Movement 1: Pavana
Movement 2: Galiardo
In Nevell, the pavan and galliard are dedicated to ‘mr w. peter’. In 1591, his father, Byrd’s protector Sir John Petre, was still alive, but by the time Byrd published the works, William Petre had himself succeeded his father and become a baron, so the dedicatee is now referred to as Sir William Petre. The name is pronounced exactly like the christian name ‘Peter’. The Petre family house was (and still is) called Ingatestone Hall, a deliberate pun on the word ‘stone’ and the name ‘Petre’ (rock). Not surprisingly, Byrd’s second book of Gradualia motets, dedicated in 1607 to Lord John Petre, contains its most elaborate and sonorous music in the 6-voiced motets for the feast of Sts Peter and Paul, giving particular typographical emphasis to the words Tu es Petrus (‘Thou art Peter’) by printing them in bold typeface.
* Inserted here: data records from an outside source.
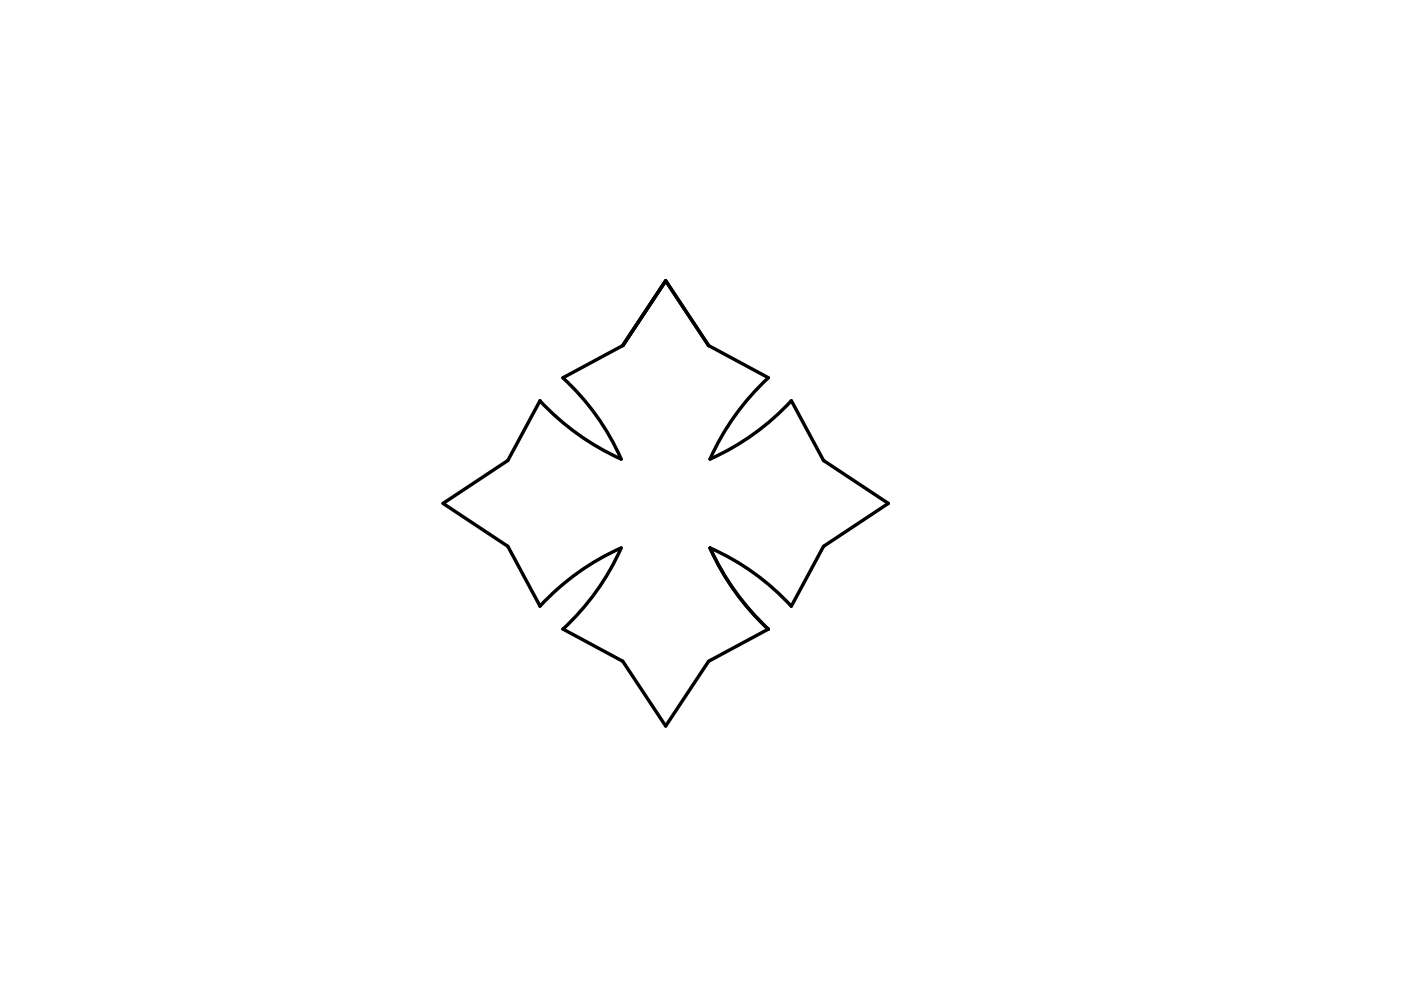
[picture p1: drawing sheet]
<svg xmlns="http://www.w3.org/2000/svg" width="297mm" height="210mm" viewBox="0 0 297 210" stroke-linecap="round" stroke-linejoin="round" font-family="sans-serif">
<path d="M119.3 80.1a51.6 51.6 0 0 1 12.4 17.2 52.8 52.8 0 0 1-17.2-12.3l-6.8 12.6-13.8 9.1 13.8 9.1 6.8 12.7a52.5 52.5 0 0 1 17.2-12.3 52.5 52.5 0 0 1-12.4 17.2M119.4 80.1l12.6-6.8 9.1-13.8 9.1 13.8 12.7 6.8M162.9 80.1a52.9 52.9 0 0 0-12.4 17.2 52.8 52.8 0 0 0 17.3-12.3l6.8 12.6 13.7 9.1-13.7 9.1-6.8 12.7a52.1 52.1 0 0 0-17.3-12.3 53.8 53.8 0 0 0 12.4 17.2M119.4 133.4l12.6 6.8 9.1 13.7 9.1-13.7 12.7-6.8" fill="none" stroke="#000" stroke-width=".72"/>
</svg>
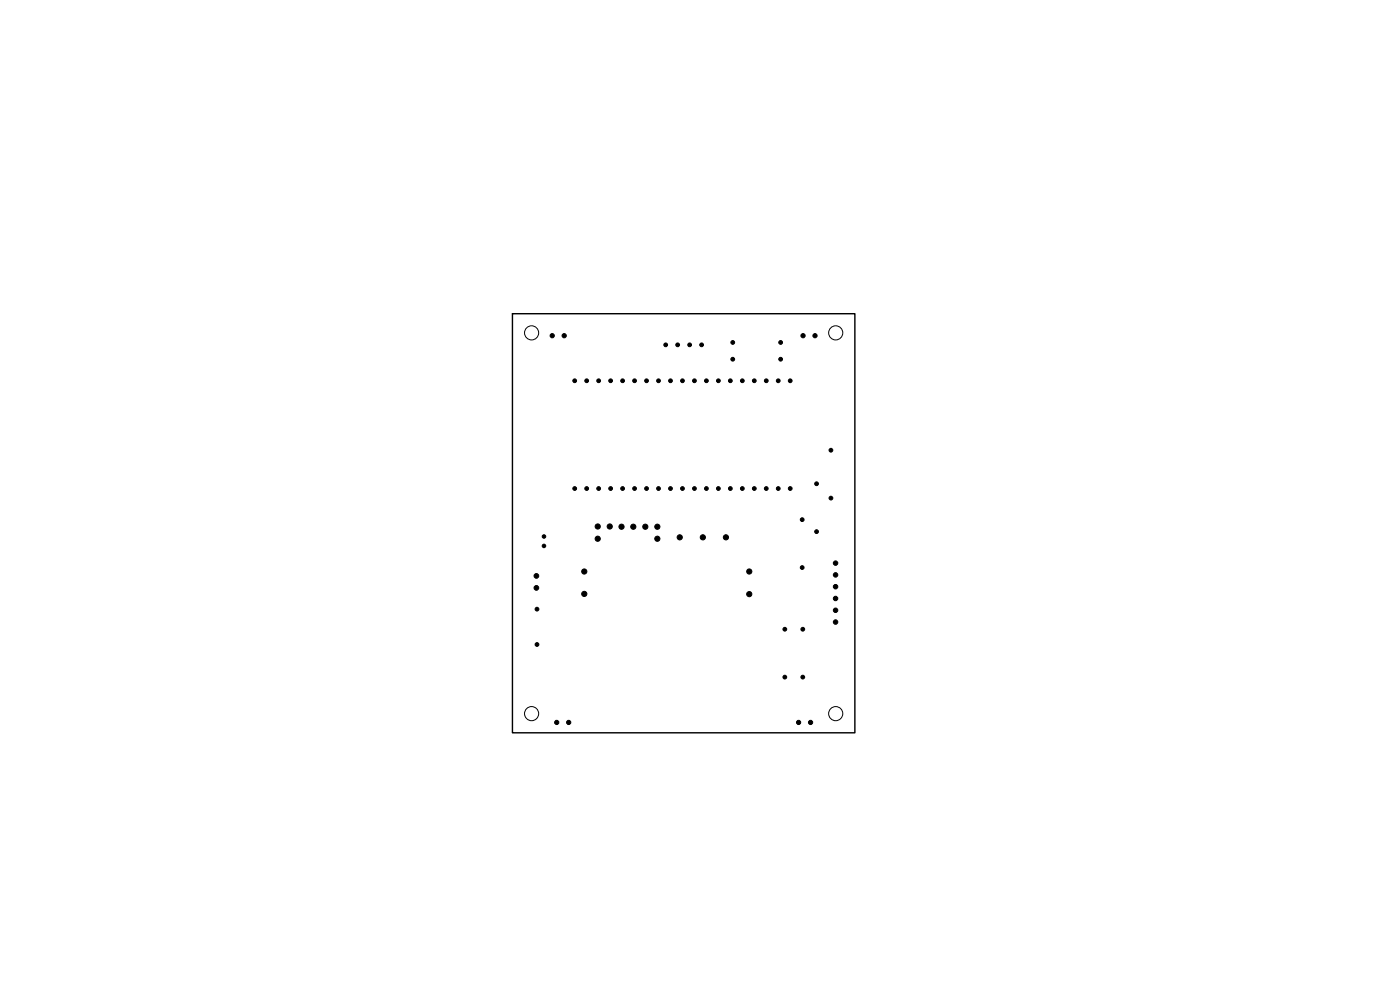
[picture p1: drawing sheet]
<svg xmlns="http://www.w3.org/2000/svg" width="297mm" height="210mm" viewBox="0 0 297 210" stroke-linecap="round" stroke-linejoin="round" font-family="sans-serif">
<g fill="none" stroke="#000" stroke-width=".21">
<circle cx="112.8" cy="70.6" r="1.5"/>
<circle cx="177.3" cy="70.6" r="1.5"/>
<circle cx="112.8" cy="151.4" r="1.5"/>
<circle cx="177.3" cy="151.4" r="1.5"/>
</g>
<path d="M108.7 66.5h72.7v88.9h-72.7z" fill="none" stroke="#000" stroke-width=".3"/>
<g fill="#000" stroke="#000" stroke-width=".21">
<circle cx="117.1" cy="71.2" r=".45"/>
<circle cx="119.7" cy="71.2" r=".45"/>
<circle cx="141.2" cy="73.2" r=".4"/>
<circle cx="143.8" cy="73.2" r=".4"/>
<circle cx="146.3" cy="73.2" r=".4"/>
<circle cx="148.8" cy="73.2" r=".4"/>
<circle cx="155.4" cy="76.2" r=".4"/>
<circle cx="155.4" cy="72.6" r=".4"/>
<circle cx="165.6" cy="72.6" r=".4"/>
<circle cx="165.6" cy="76.2" r=".4"/>
<circle cx="170.4" cy="71.2" r=".45"/>
<circle cx="172.9" cy="71.2" r=".45"/>
<circle cx="121.9" cy="80.8" r=".4"/>
<circle cx="124.5" cy="80.8" r=".4"/>
<circle cx="127" cy="80.8" r=".4"/>
<circle cx="129.5" cy="80.8" r=".4"/>
<circle cx="132.1" cy="80.8" r=".4"/>
<circle cx="134.6" cy="80.8" r=".4"/>
<circle cx="137.2" cy="80.8" r=".4"/>
<circle cx="139.7" cy="80.8" r=".4"/>
<circle cx="142.2" cy="80.8" r=".4"/>
<circle cx="144.8" cy="80.8" r=".4"/>
<circle cx="147.3" cy="80.8" r=".4"/>
<circle cx="149.9" cy="80.8" r=".4"/>
<circle cx="152.4" cy="80.8" r=".4"/>
<circle cx="154.9" cy="80.8" r=".4"/>
<circle cx="157.5" cy="80.8" r=".4"/>
<circle cx="160" cy="80.8" r=".4"/>
<circle cx="162.6" cy="80.8" r=".4"/>
<circle cx="165.1" cy="80.8" r=".4"/>
<circle cx="167.6" cy="80.8" r=".4"/>
<circle cx="176.3" cy="95.5" r=".4"/>
<circle cx="115.4" cy="115.8" r=".37"/>
<circle cx="115.4" cy="113.8" r=".37"/>
<circle cx="121.9" cy="103.6" r=".4"/>
<circle cx="124.5" cy="103.6" r=".4"/>
<circle cx="126.8" cy="114.3" r=".55"/>
<circle cx="126.8" cy="111.7" r=".55"/>
<circle cx="127" cy="103.6" r=".4"/>
<circle cx="129.4" cy="111.7" r=".55"/>
<circle cx="129.5" cy="103.6" r=".4"/>
<circle cx="131.9" cy="111.7" r=".55"/>
<circle cx="132.1" cy="103.6" r=".4"/>
<circle cx="134.4" cy="111.7" r=".55"/>
<circle cx="134.6" cy="103.6" r=".4"/>
<circle cx="136.9" cy="111.7" r=".55"/>
<circle cx="137.2" cy="103.6" r=".4"/>
<circle cx="139.5" cy="114.3" r=".55"/>
<circle cx="139.5" cy="111.7" r=".55"/>
<circle cx="139.7" cy="103.6" r=".4"/>
<circle cx="142.2" cy="103.6" r=".4"/>
<circle cx="144.2" cy="114" r=".55"/>
<circle cx="144.8" cy="103.6" r=".4"/>
<circle cx="147.3" cy="103.6" r=".4"/>
<circle cx="149.1" cy="114" r=".55"/>
<circle cx="149.9" cy="103.6" r=".4"/>
<circle cx="152.4" cy="103.6" r=".4"/>
<circle cx="154" cy="114" r=".55"/>
<circle cx="154.9" cy="103.6" r=".4"/>
<circle cx="157.5" cy="103.6" r=".4"/>
<circle cx="160" cy="103.6" r=".4"/>
<circle cx="162.6" cy="103.6" r=".4"/>
<circle cx="165.1" cy="103.6" r=".4"/>
<circle cx="167.6" cy="103.6" r=".4"/>
<circle cx="170.2" cy="110.2" r=".4"/>
<circle cx="173.2" cy="102.6" r=".4"/>
<circle cx="173.2" cy="112.8" r=".4"/>
<circle cx="176.3" cy="105.7" r=".4"/>
<circle cx="177.3" cy="119.5" r=".47"/>
<circle cx="113.8" cy="122.2" r=".5"/>
<circle cx="113.8" cy="124.7" r=".5"/>
<circle cx="113.9" cy="129.2" r=".4"/>
<circle cx="113.9" cy="136.7" r=".4"/>
<circle cx="124" cy="126" r=".55"/>
<circle cx="124" cy="121.2" r=".55"/>
<circle cx="159" cy="126" r=".55"/>
<circle cx="159" cy="121.2" r=".55"/>
<circle cx="166.5" cy="133.5" r=".4"/>
<circle cx="170.2" cy="120.4" r=".4"/>
<circle cx="170.3" cy="133.5" r=".4"/>
<circle cx="177.3" cy="122" r=".47"/>
<circle cx="177.3" cy="127" r=".47"/>
<circle cx="177.3" cy="129.5" r=".47"/>
<circle cx="177.3" cy="132" r=".47"/>
<circle cx="177.3" cy="124.5" r=".47"/>
<circle cx="118.1" cy="153.2" r=".45"/>
<circle cx="120.6" cy="153.2" r=".45"/>
<circle cx="166.5" cy="143.6" r=".4"/>
<circle cx="169.4" cy="153.2" r=".45"/>
<circle cx="170.3" cy="143.6" r=".4"/>
<circle cx="172" cy="153.2" r=".45"/>
</g>
</svg>

The Dorian G minor pavan is a ‘16-bar’ work, running to 96 semibreves, and is ostensibly rather static harmonically, since all of its six sections begin on chords of G (and four of them end on G as well), but these anchor points in fact hold down one of Byrd’s most harmonically varied pavans. The 16 bars of the first strain pass through a wide variety of harmonies; while the first half of the phrase is strictly in G minor, the second half ranges through such chords as F major, A major, C major. The second strain firmly establishes a move to D major, indicating the sharp side of the home key, and the third strain firmly delineates the subdominant, the flat side, by establishing C minor before re-establishing the dominant and returning home to G minor. This work is forward-looking in its tonal outlook, reaching beyond the modal-based schemes found in many works to start defining tonality in a more modern manner. Thomas Tomkins included this pair of works on his first list of Lessons of worthe.